The international transfers are particularly significant as those moving more than the allowed $50,000 per year face prison and fines of over half the amount if convicted. Yet, they still find ways to do so, according to the report published on Oct. 23 by The Wall Street Journal. Were such capital transfers legal, as they are in market democracies, they would be far more common.
The means of the wealth transfers include cryptocurrencies, high-value art exports, overpayment for imports, dividends paid to offshore shell companies, and Sino-foreign joint ventures. The movement of assets to Hong Kong, which has no capital controls, is a frequent intermediary step.
The capital flight, plus net outflows in direct investment that amounted to $86 billion in the second quarter of 2024, is putting downward pressure on the yuan and property values, which have lost $18 trillion since 2021, according to one estimate.
Loss of capital to the Chinese economy can be traced to a range of persistent problems, most of which stem from China’s communist system that prizes authoritarian government intervention and crackdowns over free markets and democracy. The Chinese Communist Party’s (CCP’s) draconian lockdowns in response to COVID-19 were particularly irksome to the public and provoked a peak in capital flight from 2021 to 2022.
Since the measures, the CSI 300 and Hang Seng China Enterprises indexes improved by about 12 percent and 20 percent, respectively. But the trend in October for both indexes has been down.

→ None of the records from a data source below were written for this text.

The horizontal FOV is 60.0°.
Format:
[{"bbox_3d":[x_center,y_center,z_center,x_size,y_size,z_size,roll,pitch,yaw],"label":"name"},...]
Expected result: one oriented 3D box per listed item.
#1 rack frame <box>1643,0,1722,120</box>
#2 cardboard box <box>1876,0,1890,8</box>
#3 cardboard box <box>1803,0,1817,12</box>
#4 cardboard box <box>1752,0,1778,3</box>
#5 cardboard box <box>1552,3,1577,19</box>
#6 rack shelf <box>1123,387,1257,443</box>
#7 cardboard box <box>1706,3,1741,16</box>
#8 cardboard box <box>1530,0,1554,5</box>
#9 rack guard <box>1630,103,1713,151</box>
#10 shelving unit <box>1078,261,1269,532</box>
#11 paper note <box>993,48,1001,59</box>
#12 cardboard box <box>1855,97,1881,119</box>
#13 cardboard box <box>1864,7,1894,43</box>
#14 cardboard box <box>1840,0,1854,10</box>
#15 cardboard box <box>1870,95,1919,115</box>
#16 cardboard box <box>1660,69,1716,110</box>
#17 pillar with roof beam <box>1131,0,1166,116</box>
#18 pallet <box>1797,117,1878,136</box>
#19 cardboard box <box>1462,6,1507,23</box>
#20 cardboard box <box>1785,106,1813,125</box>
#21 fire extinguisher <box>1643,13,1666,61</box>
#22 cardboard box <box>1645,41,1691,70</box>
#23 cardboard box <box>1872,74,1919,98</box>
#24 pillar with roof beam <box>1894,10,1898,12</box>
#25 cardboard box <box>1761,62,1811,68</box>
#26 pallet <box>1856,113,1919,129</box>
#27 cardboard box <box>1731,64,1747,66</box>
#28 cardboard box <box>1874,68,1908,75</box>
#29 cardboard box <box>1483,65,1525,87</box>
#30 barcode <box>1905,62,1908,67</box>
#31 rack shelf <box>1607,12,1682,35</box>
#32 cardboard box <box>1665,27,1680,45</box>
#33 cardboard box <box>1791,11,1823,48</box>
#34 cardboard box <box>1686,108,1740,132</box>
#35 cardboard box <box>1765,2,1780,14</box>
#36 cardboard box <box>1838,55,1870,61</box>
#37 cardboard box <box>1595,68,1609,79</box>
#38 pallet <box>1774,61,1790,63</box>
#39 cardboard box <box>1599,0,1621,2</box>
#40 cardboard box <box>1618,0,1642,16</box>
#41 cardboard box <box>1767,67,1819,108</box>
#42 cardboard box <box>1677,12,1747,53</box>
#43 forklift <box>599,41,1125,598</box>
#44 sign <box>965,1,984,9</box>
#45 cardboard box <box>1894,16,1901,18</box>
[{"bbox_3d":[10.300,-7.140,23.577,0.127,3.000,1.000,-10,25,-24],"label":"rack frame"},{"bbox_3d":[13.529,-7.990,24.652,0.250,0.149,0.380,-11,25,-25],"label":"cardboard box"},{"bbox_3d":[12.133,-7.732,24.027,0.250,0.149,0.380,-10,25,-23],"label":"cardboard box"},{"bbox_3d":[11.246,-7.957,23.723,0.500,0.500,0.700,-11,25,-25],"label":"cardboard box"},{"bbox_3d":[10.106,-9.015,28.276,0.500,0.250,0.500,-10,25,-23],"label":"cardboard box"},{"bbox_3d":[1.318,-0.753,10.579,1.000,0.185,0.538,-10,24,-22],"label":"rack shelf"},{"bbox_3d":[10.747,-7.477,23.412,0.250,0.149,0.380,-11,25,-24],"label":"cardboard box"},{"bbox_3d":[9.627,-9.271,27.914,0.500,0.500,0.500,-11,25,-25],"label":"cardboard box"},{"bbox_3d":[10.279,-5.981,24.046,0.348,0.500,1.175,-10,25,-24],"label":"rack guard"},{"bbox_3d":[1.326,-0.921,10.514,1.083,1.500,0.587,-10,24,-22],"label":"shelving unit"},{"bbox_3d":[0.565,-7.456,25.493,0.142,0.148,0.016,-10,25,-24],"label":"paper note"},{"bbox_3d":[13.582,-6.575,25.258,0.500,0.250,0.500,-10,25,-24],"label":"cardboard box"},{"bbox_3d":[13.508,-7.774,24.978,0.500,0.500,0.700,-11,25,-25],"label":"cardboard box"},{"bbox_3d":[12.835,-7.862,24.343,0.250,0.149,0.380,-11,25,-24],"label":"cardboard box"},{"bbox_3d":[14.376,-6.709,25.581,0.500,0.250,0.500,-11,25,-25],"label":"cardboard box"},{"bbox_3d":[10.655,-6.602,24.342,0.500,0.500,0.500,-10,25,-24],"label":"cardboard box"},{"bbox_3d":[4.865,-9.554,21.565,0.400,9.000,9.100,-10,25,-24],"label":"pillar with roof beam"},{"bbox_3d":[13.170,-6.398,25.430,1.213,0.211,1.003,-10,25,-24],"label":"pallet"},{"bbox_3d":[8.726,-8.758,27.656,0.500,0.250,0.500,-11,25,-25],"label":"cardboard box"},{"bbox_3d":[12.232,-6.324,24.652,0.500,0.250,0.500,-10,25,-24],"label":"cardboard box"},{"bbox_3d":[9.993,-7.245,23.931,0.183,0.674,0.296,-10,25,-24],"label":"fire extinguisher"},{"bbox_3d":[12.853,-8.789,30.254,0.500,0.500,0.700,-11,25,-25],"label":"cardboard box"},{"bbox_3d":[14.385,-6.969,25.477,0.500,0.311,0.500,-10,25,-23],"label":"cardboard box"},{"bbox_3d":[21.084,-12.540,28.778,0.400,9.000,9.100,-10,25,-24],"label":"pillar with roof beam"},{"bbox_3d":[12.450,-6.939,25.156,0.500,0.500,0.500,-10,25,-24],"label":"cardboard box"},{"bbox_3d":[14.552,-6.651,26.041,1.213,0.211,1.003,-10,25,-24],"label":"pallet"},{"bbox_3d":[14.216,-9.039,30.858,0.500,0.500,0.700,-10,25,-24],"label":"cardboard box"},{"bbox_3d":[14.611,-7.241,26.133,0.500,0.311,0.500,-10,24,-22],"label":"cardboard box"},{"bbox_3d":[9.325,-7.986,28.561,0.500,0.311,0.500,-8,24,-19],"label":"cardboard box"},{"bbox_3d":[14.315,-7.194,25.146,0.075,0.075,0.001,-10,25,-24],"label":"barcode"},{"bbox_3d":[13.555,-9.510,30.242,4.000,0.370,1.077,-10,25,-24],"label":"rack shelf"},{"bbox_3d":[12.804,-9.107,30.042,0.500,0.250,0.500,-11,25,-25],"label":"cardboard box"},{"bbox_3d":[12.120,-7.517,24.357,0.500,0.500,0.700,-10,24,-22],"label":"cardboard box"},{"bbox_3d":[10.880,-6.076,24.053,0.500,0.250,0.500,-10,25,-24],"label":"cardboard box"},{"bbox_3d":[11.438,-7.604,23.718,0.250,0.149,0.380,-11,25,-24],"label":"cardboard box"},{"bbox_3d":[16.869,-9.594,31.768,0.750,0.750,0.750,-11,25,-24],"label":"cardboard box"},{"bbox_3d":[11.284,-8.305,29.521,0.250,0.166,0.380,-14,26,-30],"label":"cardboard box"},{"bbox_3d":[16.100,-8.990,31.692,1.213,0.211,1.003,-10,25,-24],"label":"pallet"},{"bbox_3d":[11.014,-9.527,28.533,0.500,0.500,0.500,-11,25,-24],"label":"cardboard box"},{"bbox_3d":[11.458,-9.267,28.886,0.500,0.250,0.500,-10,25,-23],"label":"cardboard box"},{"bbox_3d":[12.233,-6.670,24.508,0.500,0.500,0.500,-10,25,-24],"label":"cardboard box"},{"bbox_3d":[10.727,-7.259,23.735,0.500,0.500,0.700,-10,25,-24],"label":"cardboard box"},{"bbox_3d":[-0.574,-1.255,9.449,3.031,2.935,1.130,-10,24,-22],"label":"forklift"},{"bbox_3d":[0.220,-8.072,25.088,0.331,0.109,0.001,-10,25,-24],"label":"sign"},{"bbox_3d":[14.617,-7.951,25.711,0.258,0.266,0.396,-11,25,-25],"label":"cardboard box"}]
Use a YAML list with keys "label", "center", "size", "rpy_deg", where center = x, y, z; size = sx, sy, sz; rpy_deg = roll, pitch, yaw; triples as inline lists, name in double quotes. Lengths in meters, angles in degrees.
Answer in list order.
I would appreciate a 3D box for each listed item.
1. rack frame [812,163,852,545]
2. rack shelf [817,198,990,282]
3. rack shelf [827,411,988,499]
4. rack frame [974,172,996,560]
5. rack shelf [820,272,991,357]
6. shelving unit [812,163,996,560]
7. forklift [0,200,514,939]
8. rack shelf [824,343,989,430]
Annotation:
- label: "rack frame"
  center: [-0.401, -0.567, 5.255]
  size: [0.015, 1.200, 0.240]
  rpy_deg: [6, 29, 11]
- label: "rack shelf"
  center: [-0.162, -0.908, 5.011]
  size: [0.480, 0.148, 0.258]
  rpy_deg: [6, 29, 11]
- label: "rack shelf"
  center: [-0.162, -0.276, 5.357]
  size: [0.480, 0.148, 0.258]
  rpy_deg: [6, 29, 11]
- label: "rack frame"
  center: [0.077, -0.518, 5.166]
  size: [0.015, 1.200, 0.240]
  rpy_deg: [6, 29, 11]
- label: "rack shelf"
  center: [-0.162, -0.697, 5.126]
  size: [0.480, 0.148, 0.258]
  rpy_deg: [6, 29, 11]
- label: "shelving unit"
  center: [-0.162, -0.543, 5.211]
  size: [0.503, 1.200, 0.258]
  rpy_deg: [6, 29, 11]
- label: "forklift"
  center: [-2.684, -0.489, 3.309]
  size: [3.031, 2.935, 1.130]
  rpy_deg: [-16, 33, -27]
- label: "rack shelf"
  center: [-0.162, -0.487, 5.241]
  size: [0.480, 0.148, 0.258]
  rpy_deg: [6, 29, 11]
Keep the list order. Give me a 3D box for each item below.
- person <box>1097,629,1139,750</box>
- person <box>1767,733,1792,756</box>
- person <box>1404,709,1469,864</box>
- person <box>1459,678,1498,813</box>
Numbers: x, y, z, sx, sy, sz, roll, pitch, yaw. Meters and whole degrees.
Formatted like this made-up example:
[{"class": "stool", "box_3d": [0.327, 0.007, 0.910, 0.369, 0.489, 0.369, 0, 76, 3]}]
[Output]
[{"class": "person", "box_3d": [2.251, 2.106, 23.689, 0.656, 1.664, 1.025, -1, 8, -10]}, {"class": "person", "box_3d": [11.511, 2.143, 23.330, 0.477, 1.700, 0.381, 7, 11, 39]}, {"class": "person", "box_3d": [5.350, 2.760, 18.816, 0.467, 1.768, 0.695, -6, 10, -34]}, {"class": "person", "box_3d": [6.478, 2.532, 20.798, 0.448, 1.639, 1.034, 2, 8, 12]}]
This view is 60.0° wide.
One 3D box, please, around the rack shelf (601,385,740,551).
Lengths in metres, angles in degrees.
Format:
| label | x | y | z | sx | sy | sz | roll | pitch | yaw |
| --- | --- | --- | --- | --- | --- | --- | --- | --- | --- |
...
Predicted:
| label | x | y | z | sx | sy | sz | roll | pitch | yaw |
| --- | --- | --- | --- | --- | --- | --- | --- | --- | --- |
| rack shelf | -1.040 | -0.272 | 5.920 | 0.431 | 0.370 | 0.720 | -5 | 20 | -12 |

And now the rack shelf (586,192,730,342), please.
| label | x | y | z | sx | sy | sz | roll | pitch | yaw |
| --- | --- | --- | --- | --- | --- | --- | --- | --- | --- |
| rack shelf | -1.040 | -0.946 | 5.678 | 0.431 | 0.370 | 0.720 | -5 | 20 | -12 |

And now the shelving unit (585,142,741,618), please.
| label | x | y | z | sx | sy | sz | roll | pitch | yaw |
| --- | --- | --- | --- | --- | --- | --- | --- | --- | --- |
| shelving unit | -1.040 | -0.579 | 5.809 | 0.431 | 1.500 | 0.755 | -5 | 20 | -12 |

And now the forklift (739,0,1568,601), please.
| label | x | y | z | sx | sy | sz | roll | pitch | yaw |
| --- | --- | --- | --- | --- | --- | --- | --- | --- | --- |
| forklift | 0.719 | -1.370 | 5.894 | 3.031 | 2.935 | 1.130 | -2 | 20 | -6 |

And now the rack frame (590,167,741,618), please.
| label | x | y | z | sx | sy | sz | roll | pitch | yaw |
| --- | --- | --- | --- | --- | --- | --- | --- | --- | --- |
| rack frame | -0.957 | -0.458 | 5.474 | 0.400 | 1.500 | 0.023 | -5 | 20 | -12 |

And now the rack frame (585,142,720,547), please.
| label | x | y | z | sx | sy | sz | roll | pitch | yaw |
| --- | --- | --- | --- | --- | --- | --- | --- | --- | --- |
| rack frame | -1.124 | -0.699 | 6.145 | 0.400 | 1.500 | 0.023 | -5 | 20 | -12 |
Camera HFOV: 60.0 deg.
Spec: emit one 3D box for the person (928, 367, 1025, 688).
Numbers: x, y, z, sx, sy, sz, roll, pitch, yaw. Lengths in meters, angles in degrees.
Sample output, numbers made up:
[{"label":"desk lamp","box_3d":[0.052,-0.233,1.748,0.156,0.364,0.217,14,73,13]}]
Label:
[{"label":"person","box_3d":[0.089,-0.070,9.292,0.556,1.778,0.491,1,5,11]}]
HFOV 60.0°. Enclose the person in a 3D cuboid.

While investors asked for, cheered, and took advantage of the short-term stimuli by Beijing, most are waiting to buy back in for a big headline number of new fiscal spending that is still not forthcoming from the CCP. Even if they are pleasantly surprised by such major stimuli in the near future, it is ultimately just a new form of economic intervention that got the communist regime in trouble in the first place.
Government intervention in economies tends to weigh them down in the long run. Beijing calls its recent interventions a “combination punch,” but communists punching the economy is usually not good for its health. Most of the structural challenges stemming from the CCP are still largely unaddressed, including demographic decline, unemployment, trade tension with international partners, the resulting international tariffs that target China, decreasing domestic demand among Chinese consumers due to their straightened circumstances, and deflation.
Given these circumstances, more such capital flight and negative direct investment in China by both Chinese and international companies is expected.